This specification defines an OAuth2 profile to use within the Single Digital Gateway (SDG) project. It profiles the OAuth2 protocol to get a baseline security and to facilitate interoperability between Relying Parties (clients), Resource Servers and Authorization Servers.

The profile is loosely based on the International Government Assurance Profile for OAuth2.0 draft, [OAuth2.iGov].

The Sweden Connect Technical Framework will introduce specifications for OAuth2 in the future. When this happens, these specifications will be normative within the Swedish SDG framework.

1.1. Requirements Notation and Conventions

The key words “MUST”, “MUST NOT”, “REQUIRED”, “SHALL”, “SHALL NOT”, “SHOULD”, “SHOULD NOT”, “RECOMMENDED”, “MAY”, and “OPTIONAL” are to be interpreted as described in [RFC2119].

These keywords are capitalized when used to unambiguously specify requirements over protocol features and behavior that affect the interoperability and security of implementations. When these words are not capitalized, they are meant in their natural-language sense.

1.2. Terminology

This specification uses the terms "Access Token", "Authorization Code", "Authorization Endpoint", "Authorization Grant", "Authorization Server", "Client", "Client Authentication", "Client Identifier", "Client Secret", "Grant Type", "Protected Resource", "Redirection URI", "Refresh Token", "Resource Owner", "Resource Server", "Response Type", and "Token Endpoint" defined by [RFC6749] and the terms "Claim Name", "Claim Value", and "JSON Web Token (JWT)" defined by [RFC7519].

1.3. Conformance

This specification defines requirements for the following entities:

When an entity compliant with this profile is interacting with other entities also compliant with this profile, in any valid combination, all entities MUST fully conform to the features and requirements of this specification. All interaction with other entities is outside the scope of this specification.

2. Client Types

The following descriptions give patterns of deployment for use in different types of client applications based on the OAuth grant type. Additional grant types, such as assertions, chained tokens, or other mechanisms, are out of scope of this profile and must be covered separately by appropriate profile documents.
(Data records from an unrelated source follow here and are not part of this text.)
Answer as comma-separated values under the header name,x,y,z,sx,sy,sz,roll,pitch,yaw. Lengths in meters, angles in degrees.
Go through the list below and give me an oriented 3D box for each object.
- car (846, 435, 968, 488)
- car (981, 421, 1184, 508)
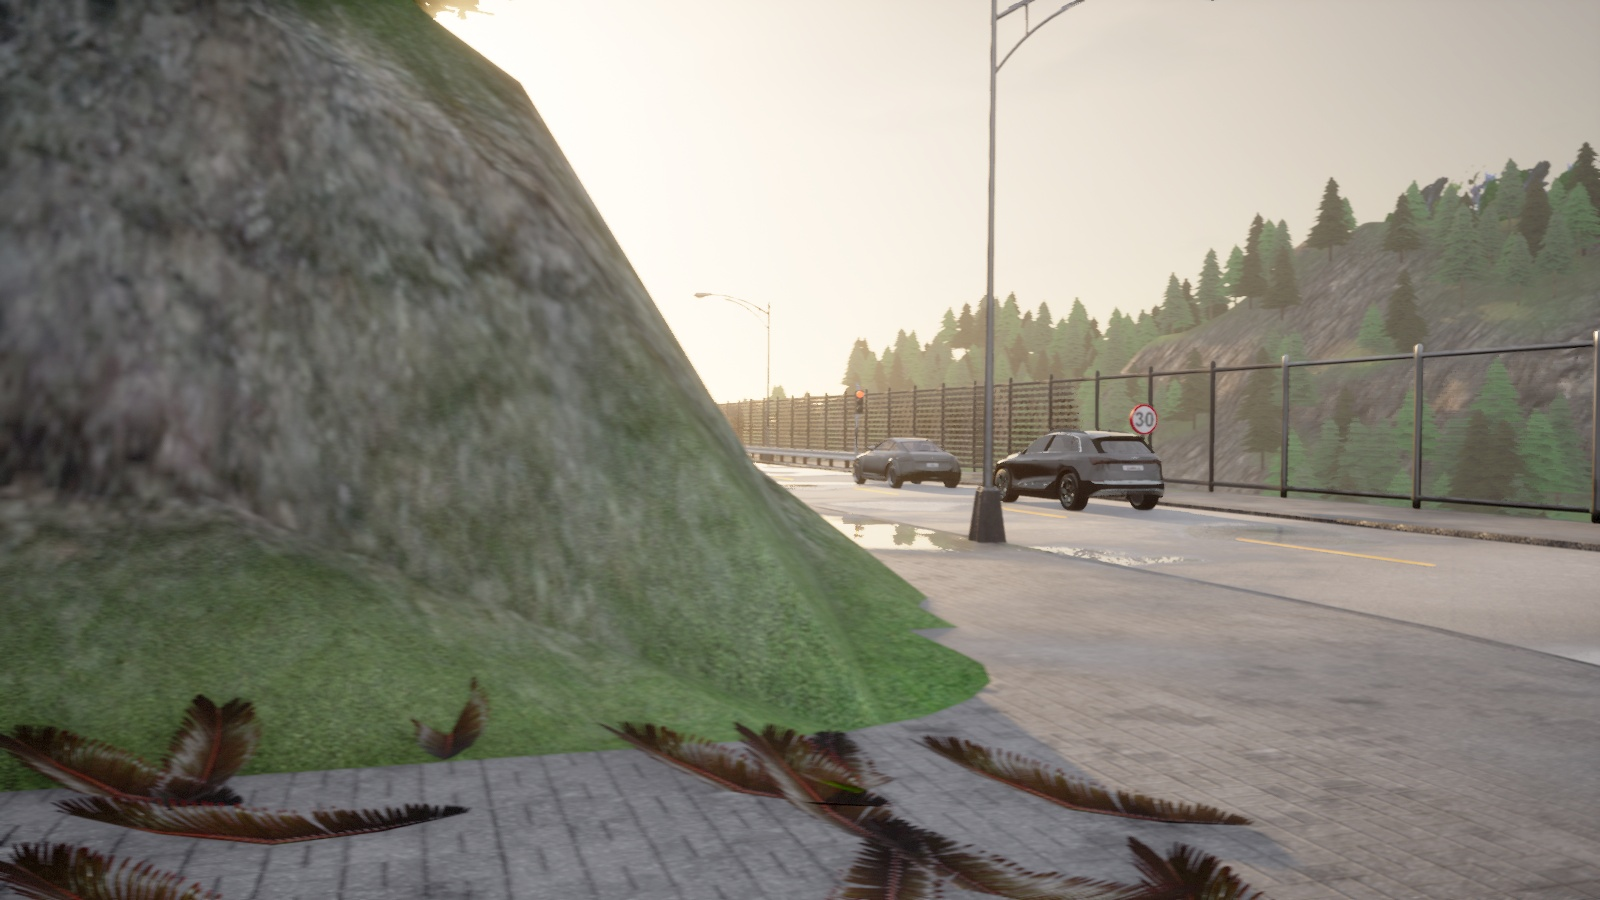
name,x,y,z,sx,sy,sz,roll,pitch,yaw
car,2.954,0.271,35.685,1.994,1.385,4.181,-1,1,-18
car,5.840,0.246,26.690,2.033,1.649,4.856,-1,1,-18

2.1. Full Client with User Delegation

This client type applies to clients that act on behalf of a particular resource owner (user) and require delegation of that user’s authority to access the protected resource. Furthermore, these clients are capable of interacting with a separate web browser application to facilitate the resource owner's interaction with the authentication endpoint of the Authorization Server.

These clients MUST use the authorization code flow of OAuth2 by sending the resource owner (user) to the authorization endpoint to obtain authorization. The user MUST authenticate to the authorization endpoint. The user’s web browser is then redirected back to a URI hosted by the client service, from which the client can obtain an authorization code passed as a query parameter. The client then presents that authorization code along with its own credentials (private_key_jwt) to the Authorization Server's token endpoint to obtain an access token.
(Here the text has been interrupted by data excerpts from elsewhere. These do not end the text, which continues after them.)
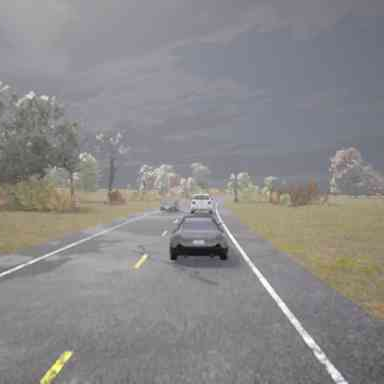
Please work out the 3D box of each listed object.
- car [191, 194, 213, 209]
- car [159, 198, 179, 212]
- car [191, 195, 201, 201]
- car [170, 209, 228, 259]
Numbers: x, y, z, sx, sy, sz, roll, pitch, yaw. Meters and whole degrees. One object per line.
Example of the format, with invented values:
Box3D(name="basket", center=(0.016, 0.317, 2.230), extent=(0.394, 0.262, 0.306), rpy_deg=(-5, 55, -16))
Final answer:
Box3D(name="car", center=(1.081, 1.226, 35.735), extent=(2.150, 2.045, 5.566), rpy_deg=(0, 0, 3))
Box3D(name="car", center=(-2.506, 1.494, 37.743), extent=(2.128, 1.511, 4.902), rpy_deg=(0, 0, 3))
Box3D(name="car", center=(1.012, 1.356, 78.693), extent=(1.895, 1.301, 4.718), rpy_deg=(0, 0, 6))
Box3D(name="car", center=(0.256, 1.567, 12.617), extent=(1.994, 1.385, 4.181), rpy_deg=(0, 0, 1))

This client type MAY request and be issued a refresh token if the security parameters of the access request allow for it.

2.2. Direct Access Client

This profile applies to clients that connect directly to Resource Servers and do not act on behalf of a particular resource owner (user), such as those clients that facilitate bulk transfers.

These clients use the client credentials flow of OAuth2 by sending a request to the token endpoint with the client's credentials and obtaining an access token in the response. Since this profile does not involve an authenticated user, this flow is appropriate only for trusted applications, such as those that would traditionally use a developer key. For example, a partner system that performs bulk data transfers between two systems would be considered a direct access client.

This client type MUST NOT request or be issued a refresh token.

3. Authorization Requests

Full clients clients making a request to the authorization endpoint MUST include the state parameter and use an unpredictable value with at least 128 bits of entropy. Clients MUST validate the value of the state parameter upon return to the redirect URI and MUST ensure that the state value is securely tied to the user’s current session (e.g., by relating the state value to a session identifier issued by the client software to the browser).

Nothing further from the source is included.